I am not trying to discount the importance of reading the material and being able to apply the knowledge. Reading comprehension and application is important and shouldn’t be taken for granted, especially in a profession where reading is a heavy component of the work. Showing your future law school that you are able to retain information at the undergraduate level is also an important indicator of being able to retain information at the law school level. However, this can be shown just as sufficiently through grades that live in the 80 percent range in tandem with outside-of-school work and experience, as it would be shown through grades in the upper 90 percentages with only an academic life focus. At the end of the day, the law profession is a service industry, and it’s no wonder clients are asking for more innovative and creative lawyers than the professionals they’re currently receiving. Many of the lawyers we’ve seen in this practice before us lack major service industry skills because of their purely academic focus, and I too as a client would want more soft skills present in my counsel.

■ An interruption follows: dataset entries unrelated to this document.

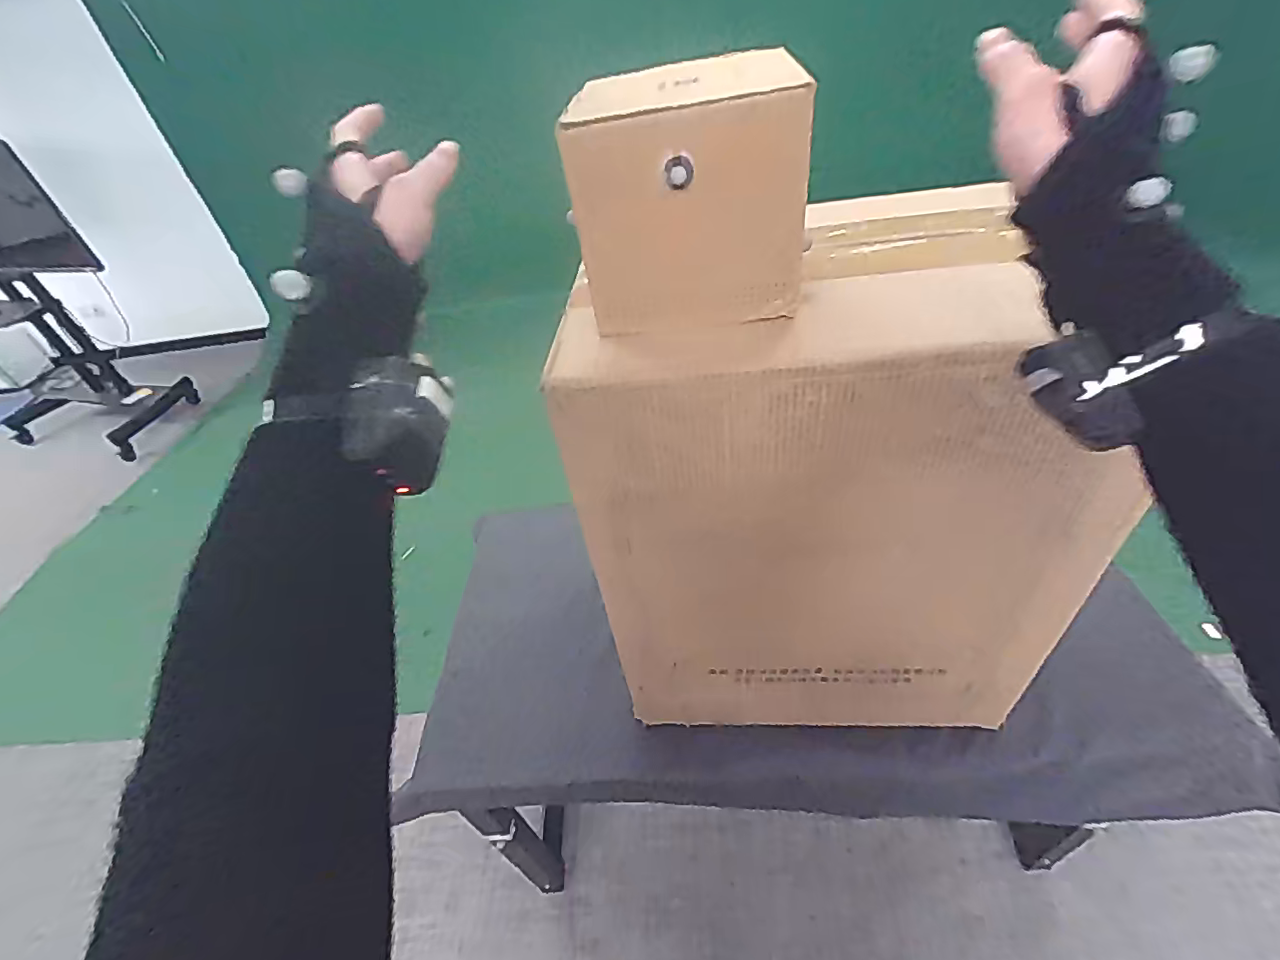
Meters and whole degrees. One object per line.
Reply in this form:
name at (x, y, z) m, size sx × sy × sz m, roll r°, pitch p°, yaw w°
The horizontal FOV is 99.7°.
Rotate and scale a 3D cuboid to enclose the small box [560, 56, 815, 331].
small box at (0.044, -0.244, 0.473) m, size 0.179 × 0.176 × 0.168 m, roll -3°, pitch 45°, yaw 7°
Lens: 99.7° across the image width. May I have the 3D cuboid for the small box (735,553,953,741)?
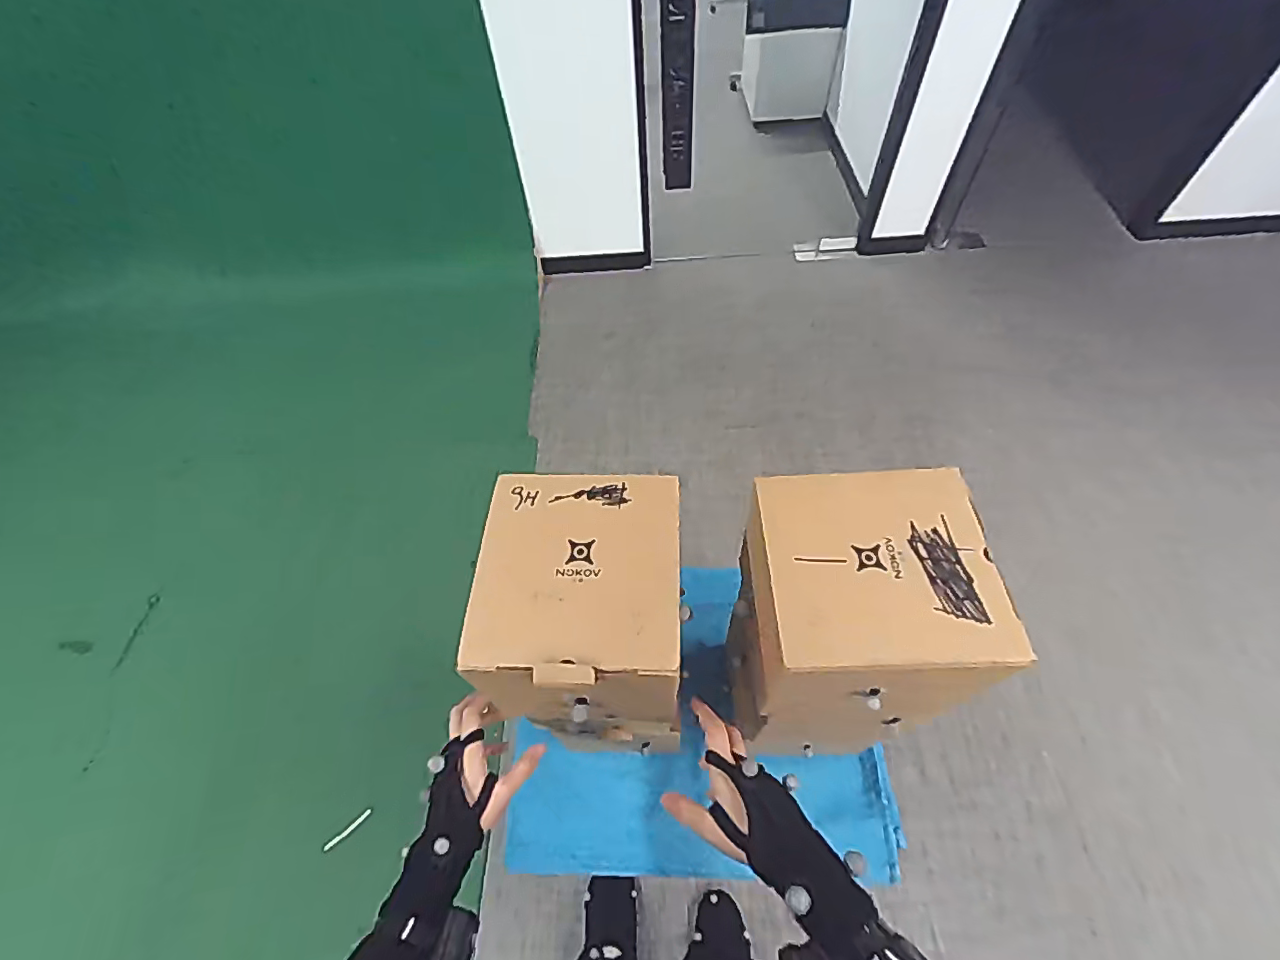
[{"bbox_3d":[0.211,0.194,0.617,0.179,0.176,0.168,-3,55,2],"label":"small box"}]

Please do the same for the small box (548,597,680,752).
[{"bbox_3d":[-0.026,0.282,0.774,0.168,0.176,0.179,1,55,3],"label":"small box"}]
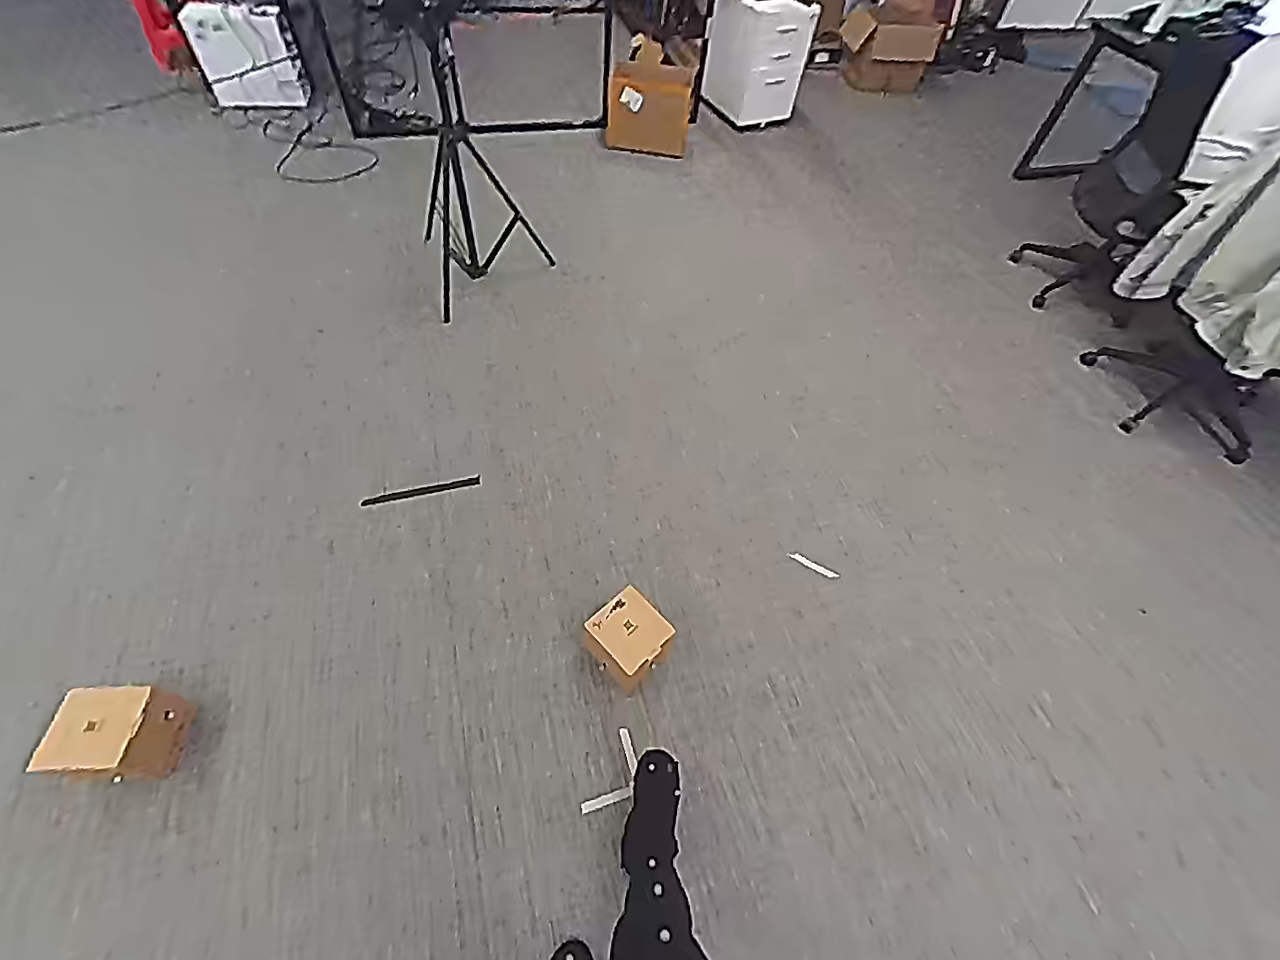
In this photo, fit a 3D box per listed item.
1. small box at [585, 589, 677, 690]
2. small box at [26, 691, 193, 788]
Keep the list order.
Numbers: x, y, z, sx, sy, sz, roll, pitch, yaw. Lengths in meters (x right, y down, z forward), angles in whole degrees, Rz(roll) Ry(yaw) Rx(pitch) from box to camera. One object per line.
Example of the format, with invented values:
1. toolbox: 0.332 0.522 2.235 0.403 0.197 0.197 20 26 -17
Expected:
1. small box: -0.028 0.426 1.418 0.168 0.176 0.179 -37 66 -26
2. small box: -1.160 0.580 1.205 0.179 0.176 0.168 -1 53 -5
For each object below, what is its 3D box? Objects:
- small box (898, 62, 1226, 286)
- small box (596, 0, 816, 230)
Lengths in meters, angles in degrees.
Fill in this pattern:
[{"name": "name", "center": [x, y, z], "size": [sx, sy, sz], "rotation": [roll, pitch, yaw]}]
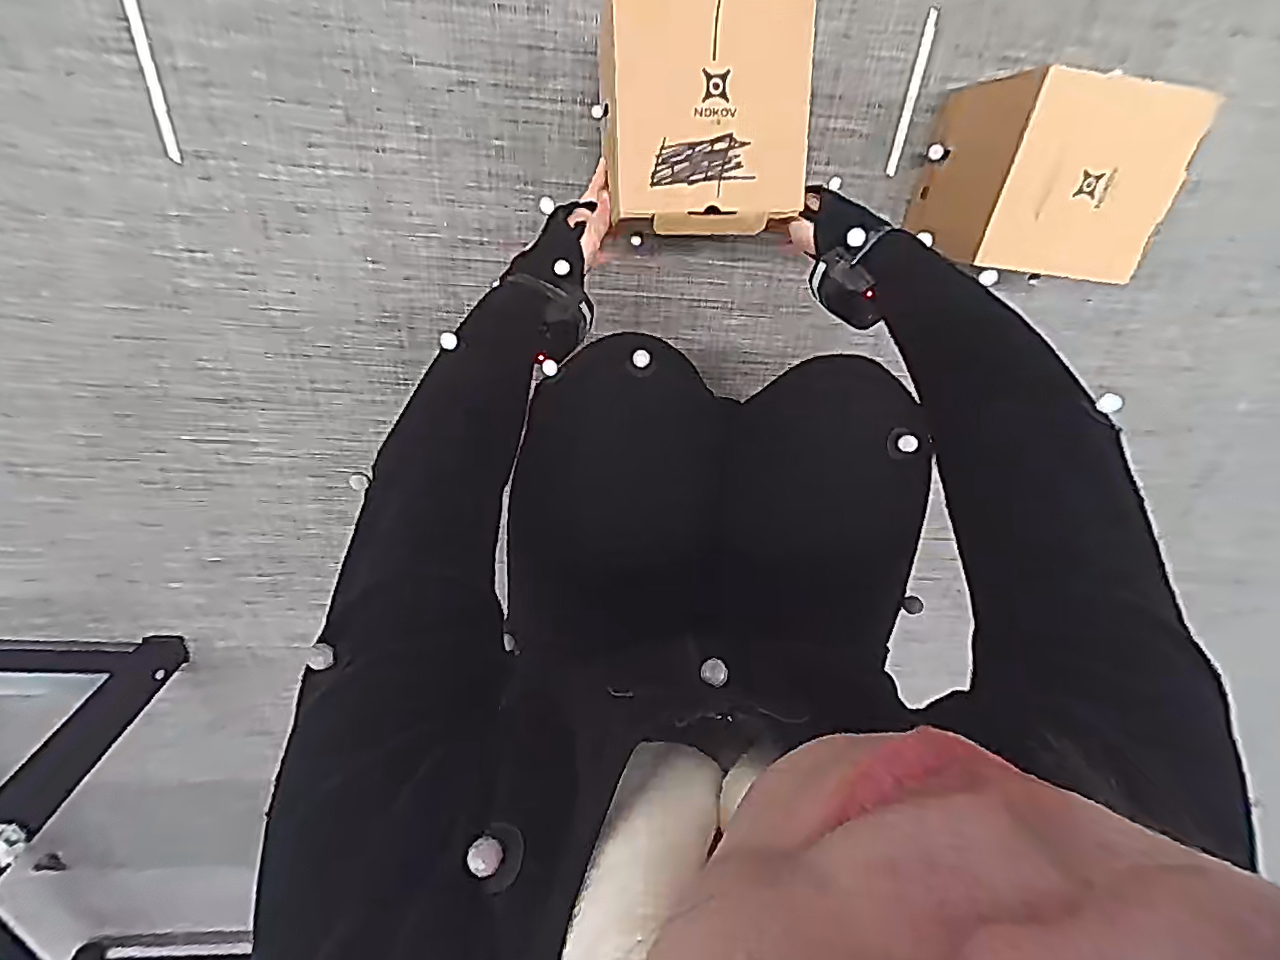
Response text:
[{"name": "small box", "center": [0.417, -0.316, 0.574], "size": [0.179, 0.176, 0.168], "rotation": [5, 119, -7]}, {"name": "small box", "center": [0.047, -0.336, 0.506], "size": [0.168, 0.176, 0.179], "rotation": [-4, 108, -7]}]
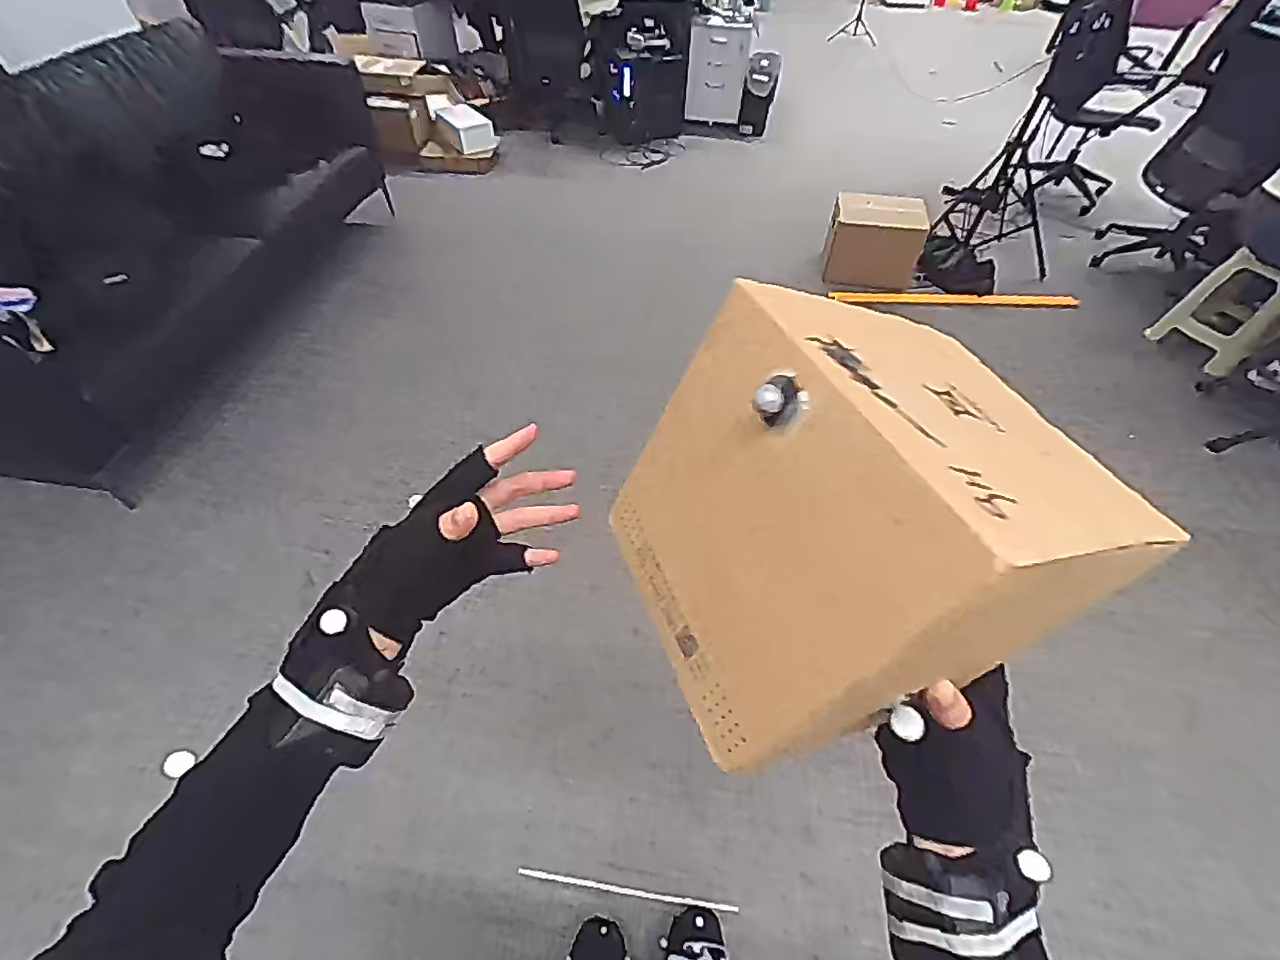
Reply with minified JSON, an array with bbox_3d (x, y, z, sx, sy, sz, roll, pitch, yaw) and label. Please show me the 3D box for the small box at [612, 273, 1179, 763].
[{"bbox_3d":[0.111,0.023,0.293,0.179,0.176,0.168,1,45,-33],"label":"small box"}]
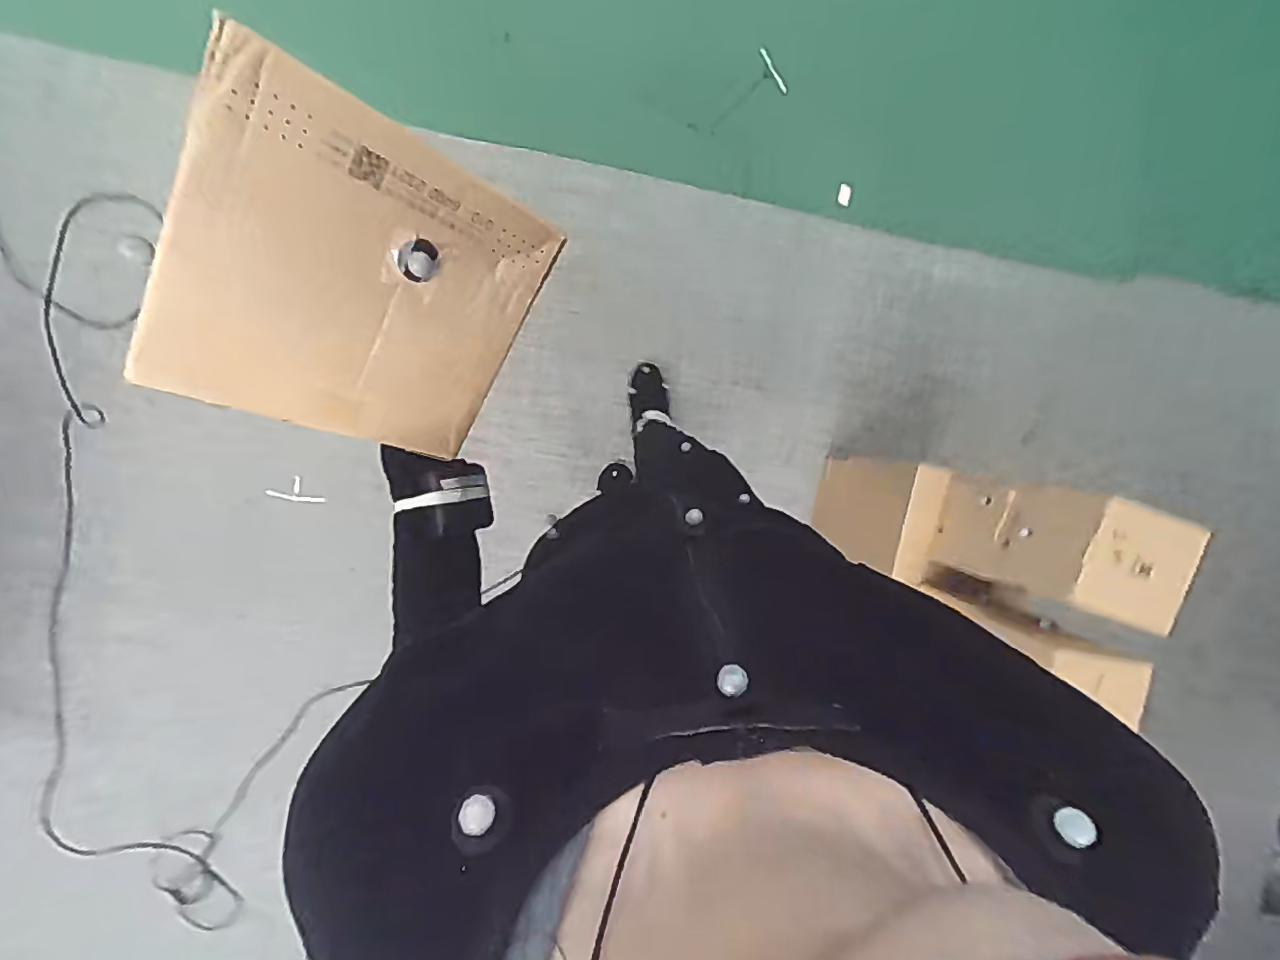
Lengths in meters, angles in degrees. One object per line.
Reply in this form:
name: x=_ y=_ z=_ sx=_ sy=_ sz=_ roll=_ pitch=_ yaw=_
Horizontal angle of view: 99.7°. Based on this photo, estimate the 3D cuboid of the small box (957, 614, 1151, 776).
small box: x=0.651 y=0.337 z=0.873 sx=0.168 sy=0.176 sz=0.179 roll=11 pitch=92 yaw=-6

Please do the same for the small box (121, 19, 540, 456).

In summation, I believe the key to truly endorsing innovation, creativity, and collaboration is changing the things that we as students are taught to value (i.e., grades). Institutions need to foster and appreciate adaptable thinking, people skills and real world experience. Adopting this mindset early would eliminate the need for lawyers to later on take courses to essentially learn how to talk to human beings on a human being level. This is arguably a skill we should all value as residents of this planet, instead of treating it like an abnormal characteristic that isn’t found abundantly in the regular functioning of society. I would argue even, that offering these courses as learning tools is simply affirming to lawyers and students that all the skills they need to know come from a classroom. These skills are easily achievable through interactions in the world by simply stepping outside of your front door and into an assortment of diverse social situations. I agree that the three aforementioned characteristics of collaboration, creativity, and innovation are necessities for those working in this current legal world, and are not consistently present at this time. My agreement on this issue also concludes that I acknowledge there is a problem that has not been properly addressed, managed, or cared about. Hopefully as I continue my journey through law school and then (hopefully, COVID-19 willing) into the practice of law itself I will see the institutional focus on grades and LSAT scores diminish in lieu of a focus on holistic application requirements. It is a hopeful outlook, but one I think is certainly achievable. The law itself is known to be an incredibly complex grey area for interpretation, so why are we making our recruiting requirements and expectations so black and white?